The report is then saved in reports/xmodule/cover/index.html

Handling flaky unit tests#

See this confluence document.

Running JavaScript Unit Tests#

Before running Javascript unit tests, you will need to be running Firefox or Chrome in a place visible to edx-platform. If you are using Tutor Dev to run edx-platform, then you can do so by installing and enabling the test-legacy-js plugin from openedx-tutor-plugins, and then rebuilding the openedx-dev image:

tutor plugins install https://github.com/openedx/openedx-tutor-plugins/tree/main/plugins/tutor-contrib-test-legacy-js
tutor plugins enable test-legacy-js
tutor images build openedx-dev

We use Jasmine (via Karma) to run most JavaScript unit tests. We use Jest to run a small handful of additional JS unit tests. You can use the npm run test* commands to run them:

npm run test-karma  # Run all Jasmine+Karma tests.
npm run test-jest   # Run all Jest tests.
npm run test        # Run both of the above.

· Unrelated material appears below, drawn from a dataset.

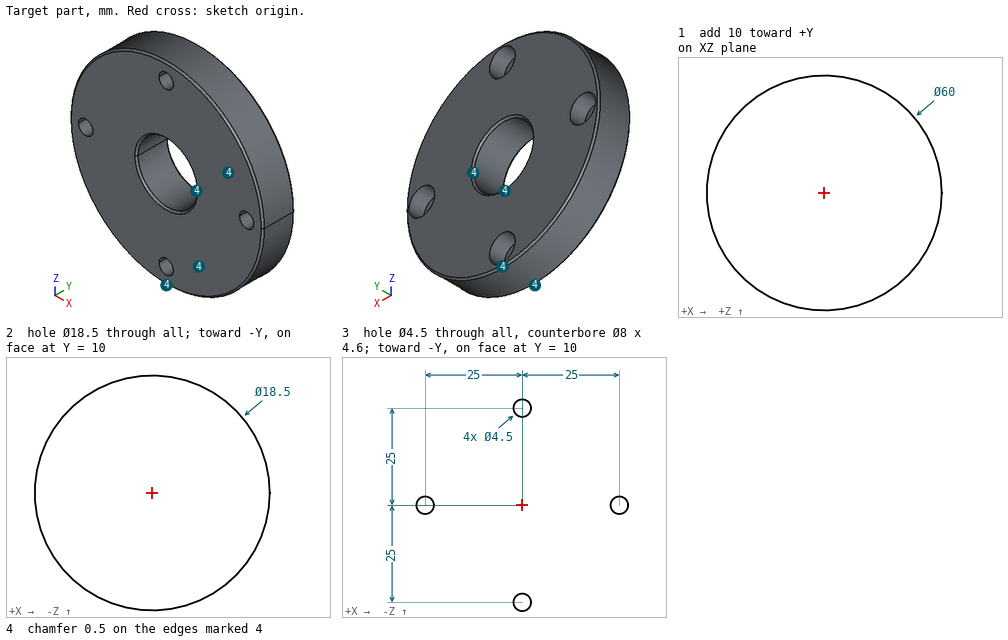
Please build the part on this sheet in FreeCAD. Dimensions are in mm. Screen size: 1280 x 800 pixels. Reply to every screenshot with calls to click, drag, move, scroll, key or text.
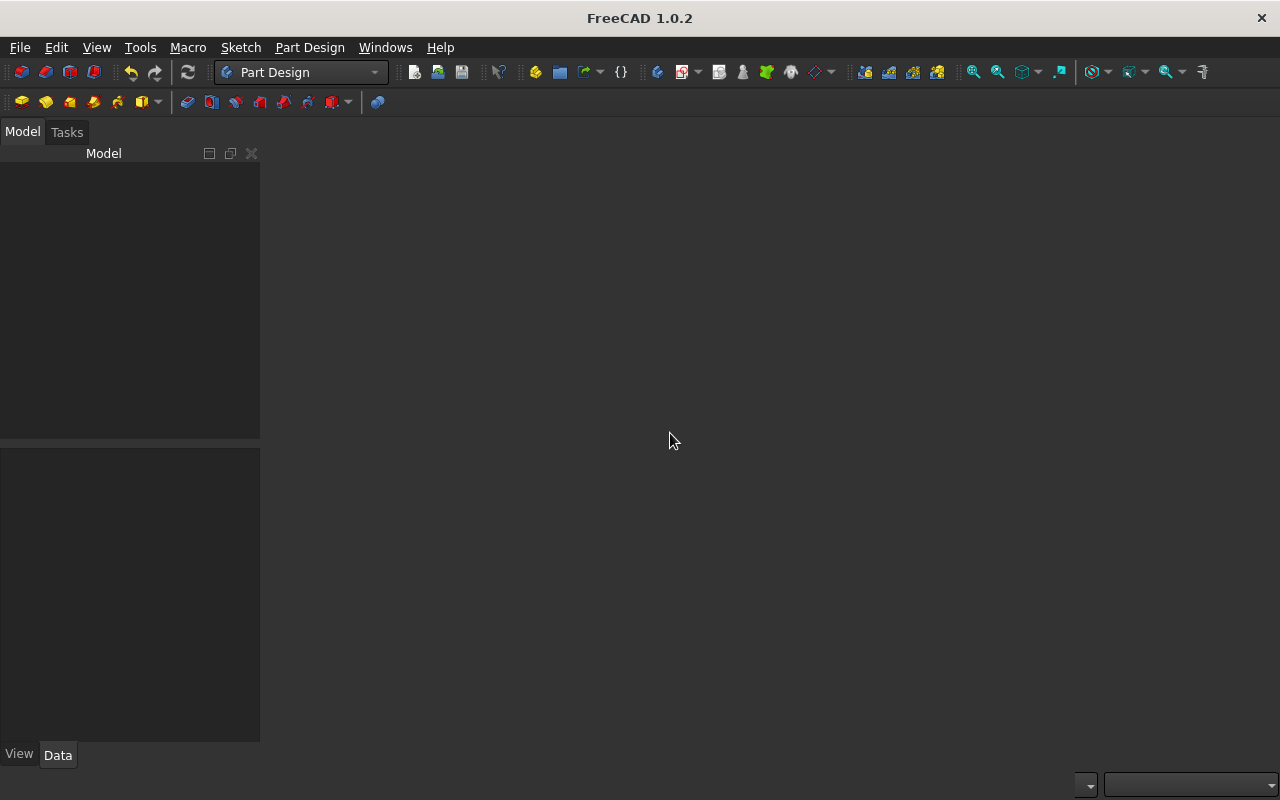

The Karma tests are further broken down into three types depending on how the JavaScript it is testing is built:

npm run test-karma-vanilla  # Our very oldest JS, which doesn't even use RequireJS
npm run test-karma-require  # Old JS that uses RequireJS
npm run test-karma-webpack  # Slightly "newer" JS which is built with Webpack

Unfortunately, at the time of writing, the build for the test-karma-webpack tests is broken. The tests are excluded from npm run test-karma as to not fail CI. We may fix this one day.

To run all Karma+Jasmine tests for a particular top-level edx-platform folder, you can run:

npm run test-cms
npm run test-lms
npm run test-xmodule
npm run test-common

Finally, if you want to pass any options to the underlying node invocation for Karma+Jasmine tests, you can run one of these specific commands, and put your arguments after the -- separator:

npm run test-cms-vanilla -- --your --args --here
npm run test-cms-require -- --your --args --here
npm run test-cms-webpack -- --your --args --here
npm run test-lms-webpack -- --your --args --here
npm run test-xmodule-vanilla -- --your --args --here
npm run test-xmodule-webpack -- --your --args --here
npm run test-common-vanilla -- --your --args --here
npm run test-common-require -- --your --args --here

Code Quality#

We use several tools to analyze code quality. The full set of them is:

mypy $PATHS...
pycodestyle $PATHS...
pylint $PATHS...
lint-imports
scripts/verify-dunder-init.sh
make xsslint
make pii_check
make check_keywords

Where $PATHS... is a list of folders and files to analyze, or nothing if you would like to analyze the entire codebase (which can take a while).